JCI Opens Weaker by 0.75% at 7,322, Market Pressure Continues
JAKARTA – The Composite Stock Price Index (JCI) opened weaker during trading on Friday (24/4/2026). According to data from the Indonesia Stock Exchange (BEI) around 09:08 WIB, the JCI fell 55.65 points or 0.75% to the level of 7,322.96.
The JCI opened at 7,378.07, slightly below the previous close of 7,378.61. Throughout the session, the index moved within a range of 7,313.36 as the lowest level and 7,383.40 as the highest.
From the trading activity side, the transaction volume reached 5.165 billion shares with a transaction value of Rp 2.647 trillion. The trading frequency was recorded at 265,500 times.
Meanwhile, other indices also uniformly entered the red zone. The LQ45 fell 5.34 points or 0.75% to 710.54, while the Jakarta Islamic Index (JII) weakened 0.58 points or 0.12% to 498.35.
The Kompas100 Index corrected 7.89 points or 0.79% to 996.25. The Indonesia Sharia Stock Index (ISSI) fell 1.28 points or 0.48% to 266.21, the IDX30 weakened 3.03 points or 0.77% to 390.24, and the JII70 fell 0.80 points or 0.42% to 191.71.
Analysts predict that the JCI today is vulnerable to correction, after the index rose 2.16% to 7,378.606 at the close of trading on Thursday (23/4/2026).
According to him, the index weakening is influenced by pressure on the rupiah exchange rate and potential foreign fund outflows (capital outflow) from the domestic financial market.
It should be noted that the rupiah currency in the spot market closed depreciated by 105 points to Rp 17,286 per US dollar on Thursday.
“For tomorrow (Friday), we predict the JCI position is still vulnerable to continuing its correction with support at 7,351 and resistance at 7,422, where we expect it will be influenced by the rupiah exchange rate and the tendency of outflows from the market,” said Herditya when contacted by Kompas.com on Thursday night.
The MACD indicator shows a downward trend in line with the RSI which is also experiencing weakening, supported by transaction volume that is above the 20-day average.
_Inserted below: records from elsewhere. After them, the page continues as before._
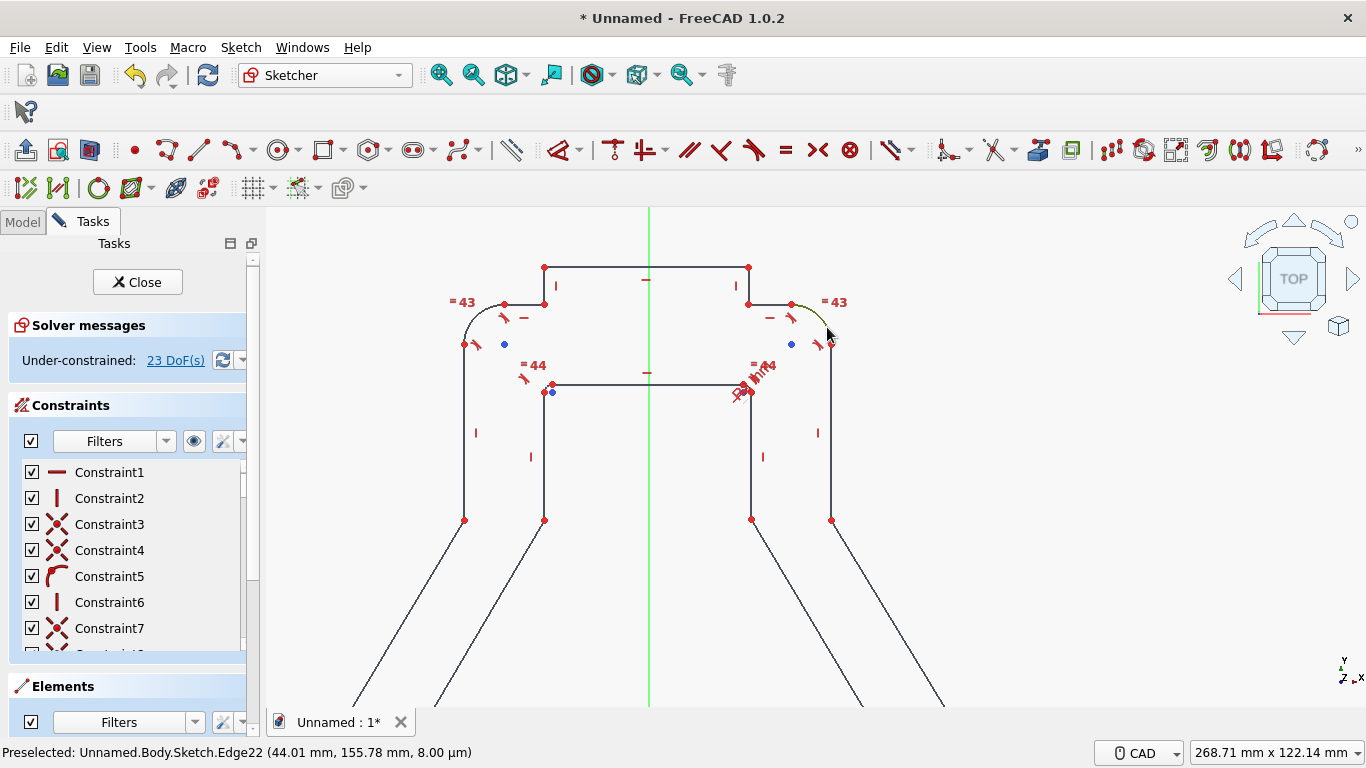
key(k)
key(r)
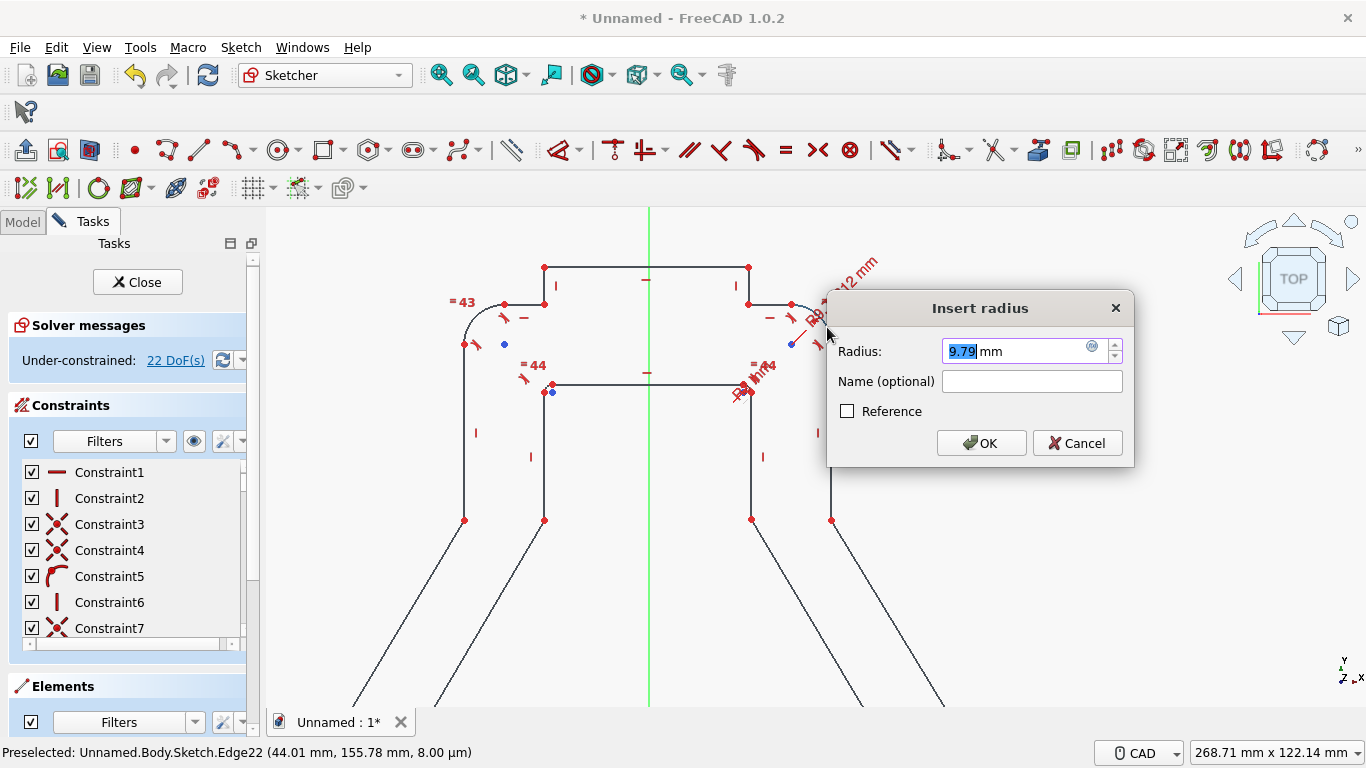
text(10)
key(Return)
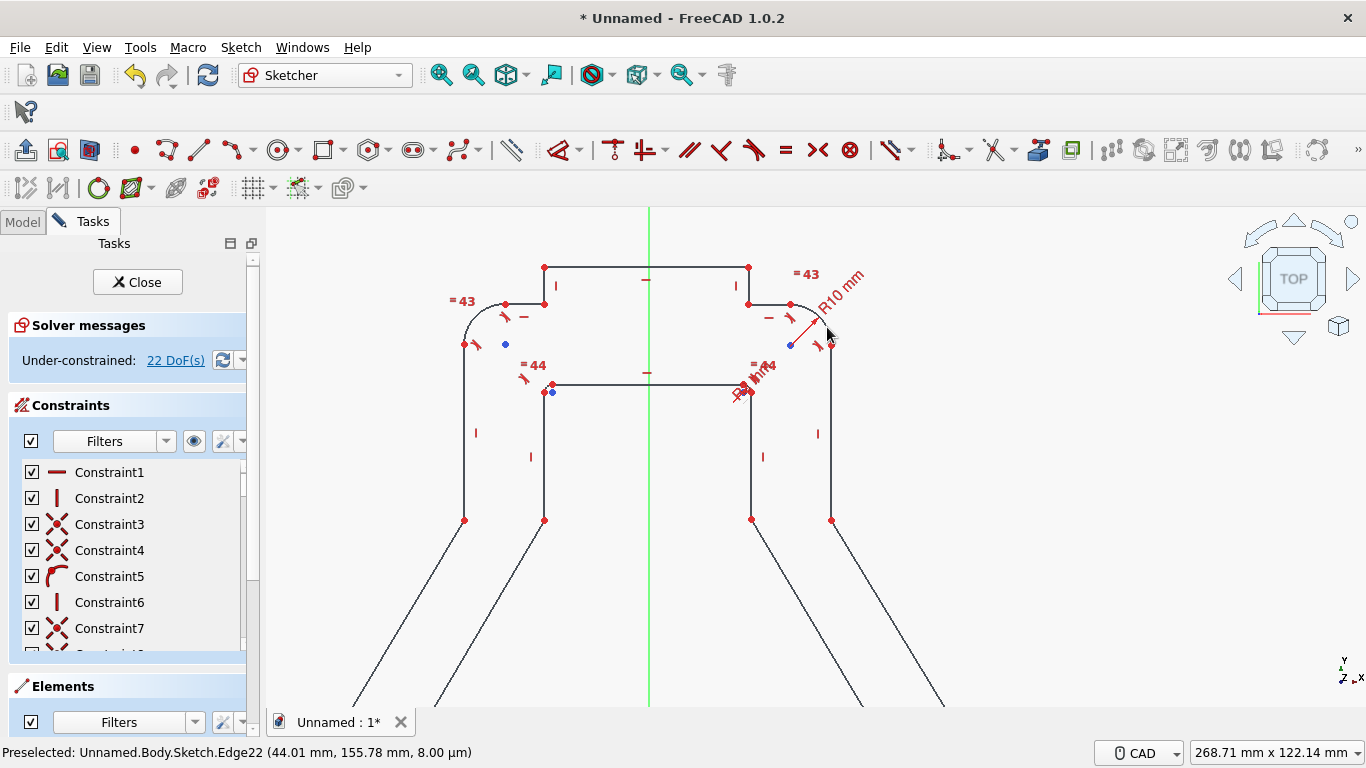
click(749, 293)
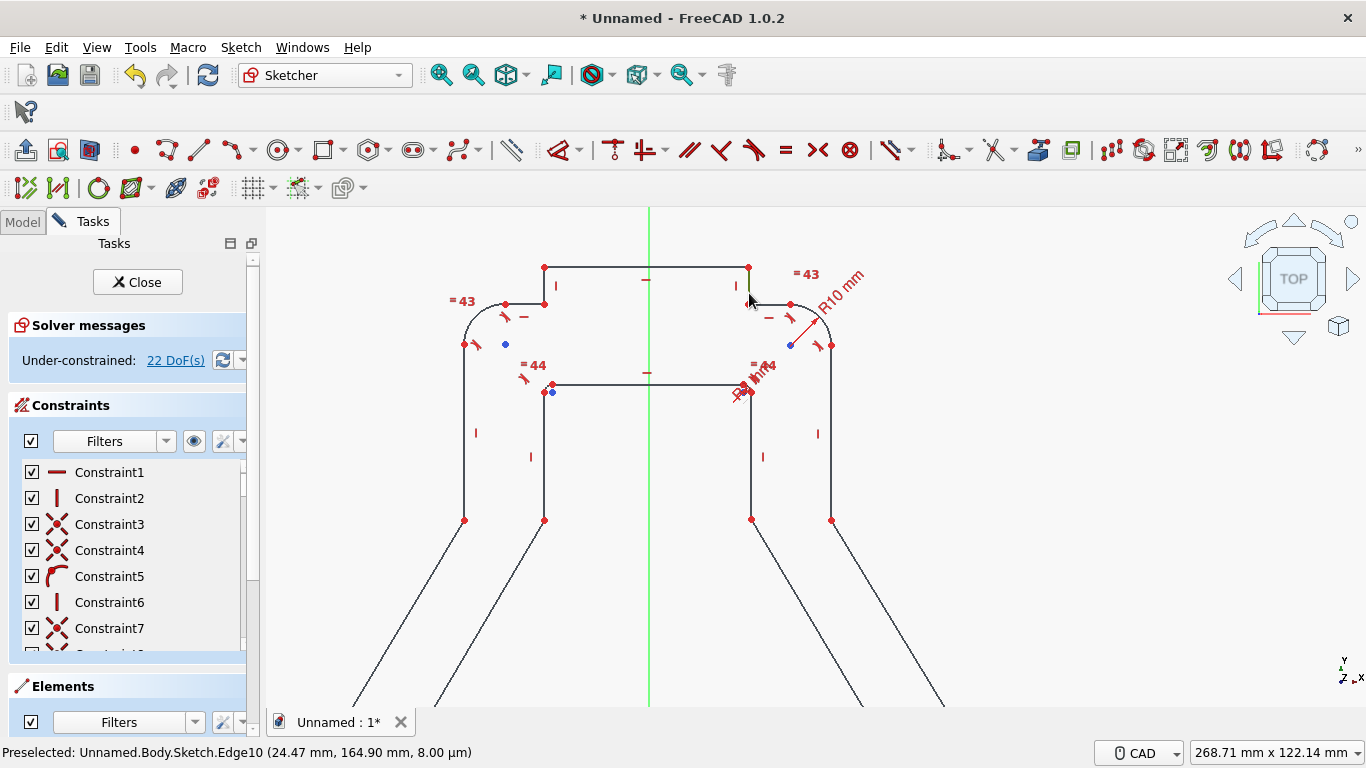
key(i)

He explained that market movements on Friday’s trading will be influenced by two main sentiments, namely developments in communications between the United States (US) and Iran which are progressing slowly, thus increasing global uncertainty and pushing the market towards a more risk-averse direction.
Second, the continued selling pressure from foreign investors. This condition is exacerbated by updates to the global index by MSCI as well as the downgrade of Indonesia’s credit rating outlook to negative by Fitch Ratings.